How many turtles in a 20-gallon tank?

As you may know that 20-gallon tank’s dimensions are 24″ x 12″ x 16″ (L x W x H), but it is not easy to decide how many turtles can we keep in it. The answer depends upon the age and breed of the turtle and in this article, we will discuss these deciding factors in detail.

can turtles share a tank?

Yes, as long as you provide enough space for each turtle.

The recommended tank size for a single turtle is 10 gallons of water. So if you have two turtles, you would need a tank that is at least 20 gallons. You should also make sure to provide plenty of hiding spots and toys so each turtle has its own space.

The best habitat for turtles is in the wild. However, if you are looking for good habitat for turtles in captivity, there are a few things to consider. First, the enclosure should be large enough for the turtle to move around freely and comfortably. Second, the enclosure should provide plenty of places for the turtle to hide, as they like to do this in the wild. Third, the enclosure should have both land and water areas, as turtles need both to thrive. Finally, regular feeding and cleaning of the enclosure are essential to keeping your turtle healthy and happy.

Red-eared slider turtle

A red-eared turtle’s size varies from 5 to 13 inches. So if your turtle size is more than 10 inches you cannot keep two red-eared turtles in a 20-gallon tank. However, if you have planned to buy baby red-eyed turtles then you can even keep 3 to 4 red-eared turtles in a single 20-gallon tank as the baby turtles are as small as 1 inch only.

There are several factors to consider when determining how many red-eared turtles can be safely kept in a 20-gallon tank. The size of the turtles, the amount of filtration and aeration in the tank, and the overall health of the turtles all play a role in how many can be safely kept in one space. As a general rule of thumb, it is generally safe to keep one medium-sized turtle per 10 gallons of tank space. However, if you have multiple turtles or larger turtles, you may need to increase the size of your tank or decrease the number of turtles accordingly. It is also important to make sure that your tank has adequate filtration and aeration, as this will help to keep the water

Western painted turtles

Western painted turtles are smaller in size compared to red-eared turtles and they can reach up to 6 inches in length. So if you are planning to buy western-painted turtles, you can easily keep up to 3 turtles in a 20-gallon tank.
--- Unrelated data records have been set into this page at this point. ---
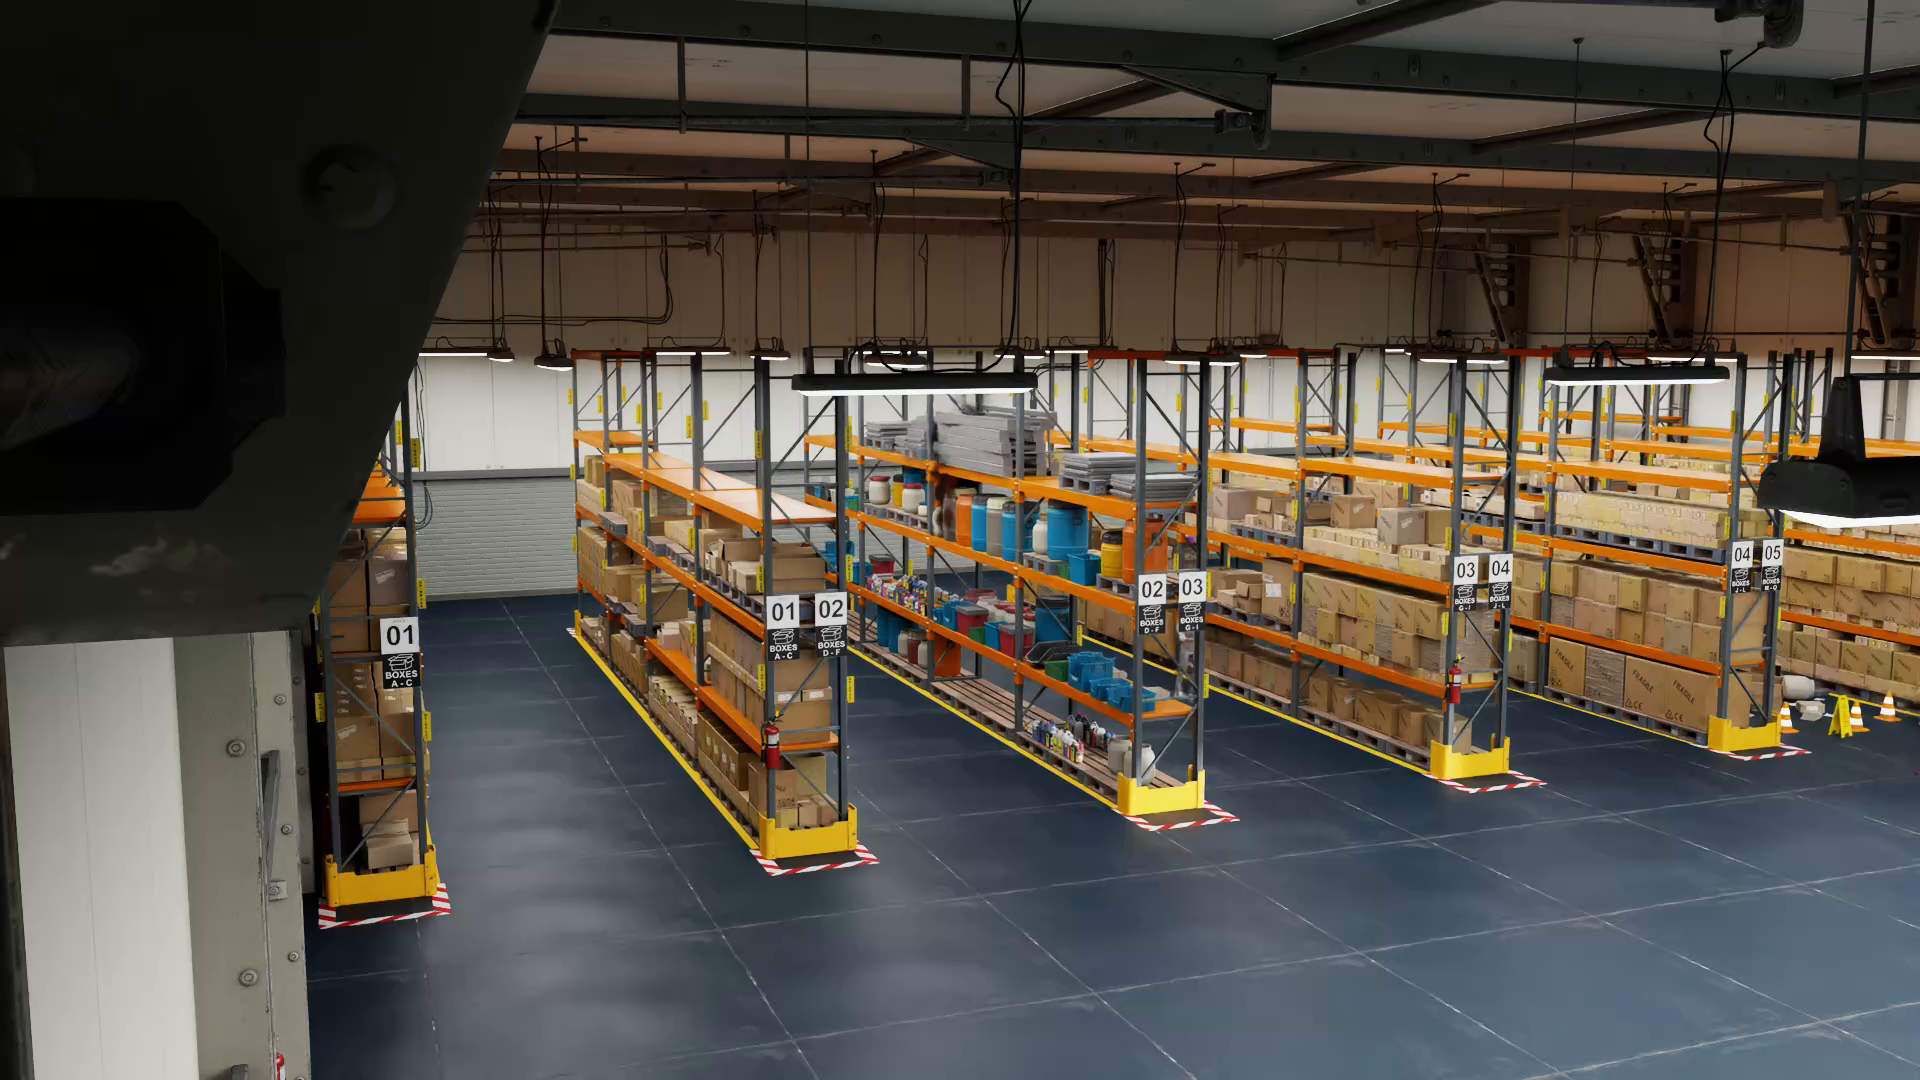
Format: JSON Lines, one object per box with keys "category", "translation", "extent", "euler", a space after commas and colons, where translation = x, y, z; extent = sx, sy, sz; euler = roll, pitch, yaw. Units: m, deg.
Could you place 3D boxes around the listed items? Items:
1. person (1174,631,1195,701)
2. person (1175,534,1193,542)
{"category": "person", "translation": [3.789, 1.886, 27.283], "extent": [0.490, 1.673, 0.699], "euler": [-4, 8, -30]}
{"category": "person", "translation": [5.577, 0.369, 41.443], "extent": [0.651, 1.749, 0.830], "euler": [-4, 8, -29]}

However, if you are planning to buy baby western-painted turtles, then you can confidently place up to 6 turtles in a single 20-gallon tank.

Eastern box turtles

Eastern box turtles are also usually smaller in size (4 to 8 inches), so you can confidently place up to 2 turtles in a single 20-gallon tank. However, if you are planning to buy baby eastern box turtles, you can buy up to 5 to 6 turtles and keep them together in a tank. However, as they grow in size you have to separate them.

Wood turtles

This species of turtle can grow as large as 9 inches, so we advise that you should not keep more than two wood turtles in a single 20-gallon tank. However again the babies are an exception as they are quite small in size.

Musk turtles

Musk turtles are included in one of the shortest species of turtles so you can easily keep up to 3 musk turtles in a 20-gallon tank.


There is no one answer that fits all tanks or styles of turtles. It depends on many factors, some including tank size, turtle size, number of turtles in the tank, and age of the turtles in the tank.

It depends on the type of turtle that you are talking about. For example, small turtles can be kept in relatively small tanks since they need to live in water and don’t require much mobility. Large turtles do not enjoy having their movements limited, so it is recommended to set aside a larger space for them–for extra exercise.
You will need 17 square meters per large turtle (e.g., an African side neck or Asian river turtle). The estimate includes extra space that will allow each animal 8 square meters for both living quarters and exercise areas when necessary.

We recommend purchasing smaller turtles if given the chance as they usually need less maintenance than larger turtles since they do not take up much water and food resources–making them generally cost-effective creations for any home.

Adding flowering plants to the space around the pond would greatly help oxygen levels increase throughout this large tank that houses these gorgeous turtles. Weekly water changes are necessary for this type of setup, but fortunately, they’re small enough that adults can handle them at home without any worries! Turtles like clean surroundings like their owners do whenever they spruce up their abodes – so weekly water changes are important. You can also add a turtle water conditioner to the tank to remove all the harmful chemicals and bacteria.